[Material for this task — start]
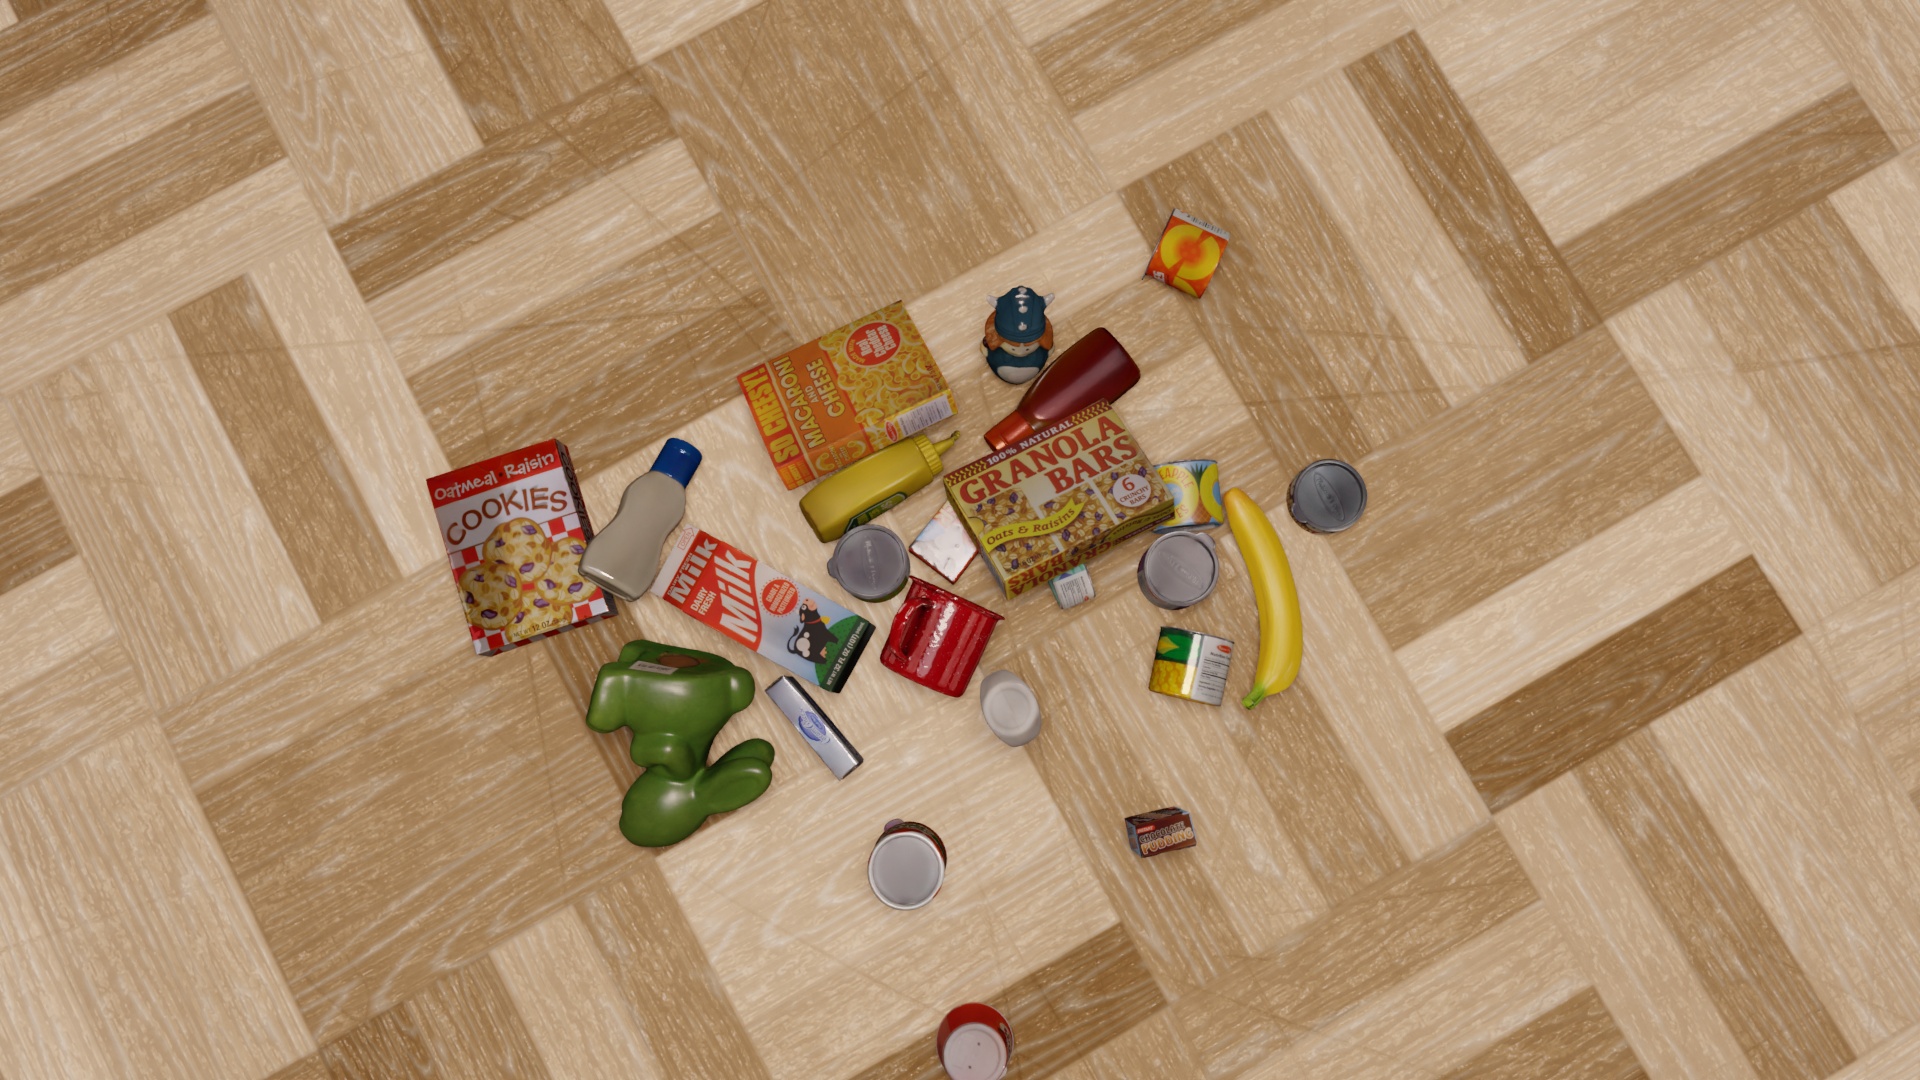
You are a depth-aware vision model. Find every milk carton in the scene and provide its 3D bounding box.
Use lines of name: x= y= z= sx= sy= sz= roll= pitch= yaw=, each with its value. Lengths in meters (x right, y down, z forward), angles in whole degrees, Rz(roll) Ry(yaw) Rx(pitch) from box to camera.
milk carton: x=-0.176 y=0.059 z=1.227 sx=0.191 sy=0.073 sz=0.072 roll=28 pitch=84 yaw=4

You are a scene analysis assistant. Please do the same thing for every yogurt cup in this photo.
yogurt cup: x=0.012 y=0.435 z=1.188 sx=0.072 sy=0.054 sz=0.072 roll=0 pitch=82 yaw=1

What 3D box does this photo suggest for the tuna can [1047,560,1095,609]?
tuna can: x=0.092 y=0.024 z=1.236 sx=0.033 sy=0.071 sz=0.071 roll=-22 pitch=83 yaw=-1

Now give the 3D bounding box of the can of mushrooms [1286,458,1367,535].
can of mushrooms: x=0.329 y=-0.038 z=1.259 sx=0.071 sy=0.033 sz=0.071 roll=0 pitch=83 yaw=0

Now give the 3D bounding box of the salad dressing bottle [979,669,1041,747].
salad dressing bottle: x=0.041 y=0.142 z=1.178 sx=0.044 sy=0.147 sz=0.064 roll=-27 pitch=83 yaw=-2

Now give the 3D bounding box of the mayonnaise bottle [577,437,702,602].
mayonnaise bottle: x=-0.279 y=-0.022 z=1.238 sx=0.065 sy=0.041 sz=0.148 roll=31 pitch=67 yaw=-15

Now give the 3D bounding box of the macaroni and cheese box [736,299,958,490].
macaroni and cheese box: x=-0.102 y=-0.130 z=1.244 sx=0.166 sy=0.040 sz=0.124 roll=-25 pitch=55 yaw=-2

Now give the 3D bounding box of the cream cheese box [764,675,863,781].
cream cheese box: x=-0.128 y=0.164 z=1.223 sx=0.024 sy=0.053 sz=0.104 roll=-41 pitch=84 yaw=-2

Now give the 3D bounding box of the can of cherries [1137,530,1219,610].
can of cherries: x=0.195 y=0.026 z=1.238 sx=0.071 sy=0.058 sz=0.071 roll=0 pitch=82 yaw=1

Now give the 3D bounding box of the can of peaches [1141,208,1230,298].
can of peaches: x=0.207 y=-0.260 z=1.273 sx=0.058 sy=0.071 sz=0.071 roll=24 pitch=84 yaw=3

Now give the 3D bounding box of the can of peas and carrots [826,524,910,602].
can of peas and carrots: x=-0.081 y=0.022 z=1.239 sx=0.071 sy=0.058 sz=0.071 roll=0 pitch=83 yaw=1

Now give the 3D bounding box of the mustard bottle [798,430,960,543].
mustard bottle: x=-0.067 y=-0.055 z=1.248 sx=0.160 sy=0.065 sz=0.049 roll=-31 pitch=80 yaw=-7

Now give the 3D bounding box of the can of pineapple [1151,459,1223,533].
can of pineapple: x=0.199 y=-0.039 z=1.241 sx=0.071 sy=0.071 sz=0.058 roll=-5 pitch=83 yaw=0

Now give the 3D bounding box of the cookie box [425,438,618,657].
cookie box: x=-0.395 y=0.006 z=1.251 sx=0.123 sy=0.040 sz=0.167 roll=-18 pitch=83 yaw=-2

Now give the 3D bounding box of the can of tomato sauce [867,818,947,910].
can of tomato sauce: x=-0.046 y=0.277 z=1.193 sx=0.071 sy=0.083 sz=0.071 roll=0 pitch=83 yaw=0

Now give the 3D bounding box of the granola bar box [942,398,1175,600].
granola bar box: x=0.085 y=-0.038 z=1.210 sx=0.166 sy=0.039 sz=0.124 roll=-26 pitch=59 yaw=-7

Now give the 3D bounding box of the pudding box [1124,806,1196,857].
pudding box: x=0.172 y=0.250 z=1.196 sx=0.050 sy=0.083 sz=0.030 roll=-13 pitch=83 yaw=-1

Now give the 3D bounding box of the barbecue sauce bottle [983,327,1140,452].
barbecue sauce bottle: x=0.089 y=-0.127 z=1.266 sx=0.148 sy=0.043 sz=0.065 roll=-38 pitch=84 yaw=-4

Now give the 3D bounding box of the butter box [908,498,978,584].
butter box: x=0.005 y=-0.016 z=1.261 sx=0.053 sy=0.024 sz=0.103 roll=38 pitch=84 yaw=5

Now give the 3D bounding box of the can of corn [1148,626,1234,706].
[Material for this task — finish]
# [What to produce]
Would you output the data above exactly as written, but with no images?

# [Result]
You are a depth-aware vision model. Find every milk carton in the scene and provide its 3D bounding box.
Use lines of name: x= y= z= sx= sy= sz= roll= pitch= yaw=, each with its value. Lengths in meters (x right, y down, z forward), angles in whole degrees, Rz(roll) Ry(yaw) Rx(pitch) from box to camera.
milk carton: x=-0.176 y=0.059 z=1.227 sx=0.191 sy=0.073 sz=0.072 roll=28 pitch=84 yaw=4

You are a scene analysis assistant. Please do the same thing for every yogurt cup in this photo.
yogurt cup: x=0.012 y=0.435 z=1.188 sx=0.072 sy=0.054 sz=0.072 roll=0 pitch=82 yaw=1

What 3D box does this photo suggest for the tuna can [1047,560,1095,609]?
tuna can: x=0.092 y=0.024 z=1.236 sx=0.033 sy=0.071 sz=0.071 roll=-22 pitch=83 yaw=-1

Now give the 3D bounding box of the can of mushrooms [1286,458,1367,535].
can of mushrooms: x=0.329 y=-0.038 z=1.259 sx=0.071 sy=0.033 sz=0.071 roll=0 pitch=83 yaw=0

Now give the 3D bounding box of the salad dressing bottle [979,669,1041,747].
salad dressing bottle: x=0.041 y=0.142 z=1.178 sx=0.044 sy=0.147 sz=0.064 roll=-27 pitch=83 yaw=-2

Now give the 3D bounding box of the mayonnaise bottle [577,437,702,602].
mayonnaise bottle: x=-0.279 y=-0.022 z=1.238 sx=0.065 sy=0.041 sz=0.148 roll=31 pitch=67 yaw=-15

Now give the 3D bounding box of the macaroni and cheese box [736,299,958,490].
macaroni and cheese box: x=-0.102 y=-0.130 z=1.244 sx=0.166 sy=0.040 sz=0.124 roll=-25 pitch=55 yaw=-2

Now give the 3D bounding box of the cream cheese box [764,675,863,781].
cream cheese box: x=-0.128 y=0.164 z=1.223 sx=0.024 sy=0.053 sz=0.104 roll=-41 pitch=84 yaw=-2

Now give the 3D bounding box of the can of cherries [1137,530,1219,610].
can of cherries: x=0.195 y=0.026 z=1.238 sx=0.071 sy=0.058 sz=0.071 roll=0 pitch=82 yaw=1

Now give the 3D bounding box of the can of peaches [1141,208,1230,298].
can of peaches: x=0.207 y=-0.260 z=1.273 sx=0.058 sy=0.071 sz=0.071 roll=24 pitch=84 yaw=3

Now give the 3D bounding box of the can of peas and carrots [826,524,910,602].
can of peas and carrots: x=-0.081 y=0.022 z=1.239 sx=0.071 sy=0.058 sz=0.071 roll=0 pitch=83 yaw=1

Now give the 3D bounding box of the mustard bottle [798,430,960,543].
mustard bottle: x=-0.067 y=-0.055 z=1.248 sx=0.160 sy=0.065 sz=0.049 roll=-31 pitch=80 yaw=-7

Now give the 3D bounding box of the can of pineapple [1151,459,1223,533].
can of pineapple: x=0.199 y=-0.039 z=1.241 sx=0.071 sy=0.071 sz=0.058 roll=-5 pitch=83 yaw=0

Now give the 3D bounding box of the cookie box [425,438,618,657].
cookie box: x=-0.395 y=0.006 z=1.251 sx=0.123 sy=0.040 sz=0.167 roll=-18 pitch=83 yaw=-2

Now give the 3D bounding box of the can of tomato sauce [867,818,947,910].
can of tomato sauce: x=-0.046 y=0.277 z=1.193 sx=0.071 sy=0.083 sz=0.071 roll=0 pitch=83 yaw=0

Now give the 3D bounding box of the granola bar box [942,398,1175,600].
granola bar box: x=0.085 y=-0.038 z=1.210 sx=0.166 sy=0.039 sz=0.124 roll=-26 pitch=59 yaw=-7

Now give the 3D bounding box of the pudding box [1124,806,1196,857].
pudding box: x=0.172 y=0.250 z=1.196 sx=0.050 sy=0.083 sz=0.030 roll=-13 pitch=83 yaw=-1

Now give the 3D bounding box of the barbecue sauce bottle [983,327,1140,452].
barbecue sauce bottle: x=0.089 y=-0.127 z=1.266 sx=0.148 sy=0.043 sz=0.065 roll=-38 pitch=84 yaw=-4

Now give the 3D bounding box of the butter box [908,498,978,584].
butter box: x=0.005 y=-0.016 z=1.261 sx=0.053 sy=0.024 sz=0.103 roll=38 pitch=84 yaw=5

Now give the 3D bounding box of the can of corn [1148,626,1234,706].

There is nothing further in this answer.